*EXERCISE DIRECTIONS*:
From the entries below, return only the lines starting at the one that contains "Horizontal FOV: 60.0°." and ending at the one that contains "Object: the clothes", exactly as they stand.

-- DATA EXTRACTS follows --

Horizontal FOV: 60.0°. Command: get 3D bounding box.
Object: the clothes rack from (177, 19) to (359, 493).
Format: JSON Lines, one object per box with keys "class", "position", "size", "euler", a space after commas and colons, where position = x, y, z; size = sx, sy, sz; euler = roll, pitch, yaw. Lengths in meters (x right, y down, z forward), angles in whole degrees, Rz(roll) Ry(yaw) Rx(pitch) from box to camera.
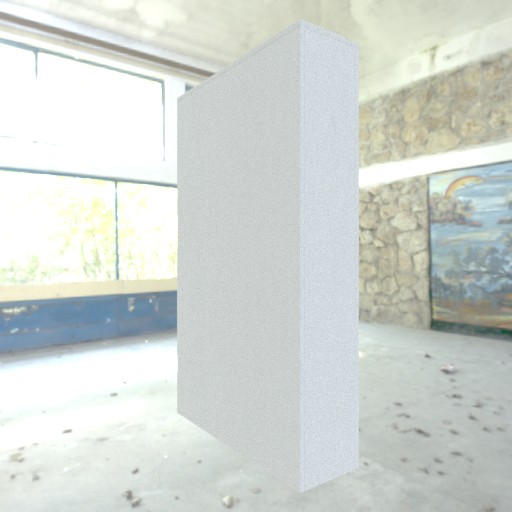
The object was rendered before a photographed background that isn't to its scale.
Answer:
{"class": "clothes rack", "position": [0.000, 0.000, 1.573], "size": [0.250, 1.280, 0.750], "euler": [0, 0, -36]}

-- DATA EXTRACTS concluded --
-- DATA EXTRACTS follows --

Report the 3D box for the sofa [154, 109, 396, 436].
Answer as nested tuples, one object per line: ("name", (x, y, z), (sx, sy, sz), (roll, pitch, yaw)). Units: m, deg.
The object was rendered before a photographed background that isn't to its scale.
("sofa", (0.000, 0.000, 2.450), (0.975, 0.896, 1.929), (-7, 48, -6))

-- DATA EXTRACTS concluded --

*SOLVED PROBLEM*:
Horizontal FOV: 60.0°. Command: get 3D bounding box.
Object: the clothes rack from (177, 19) to (359, 493).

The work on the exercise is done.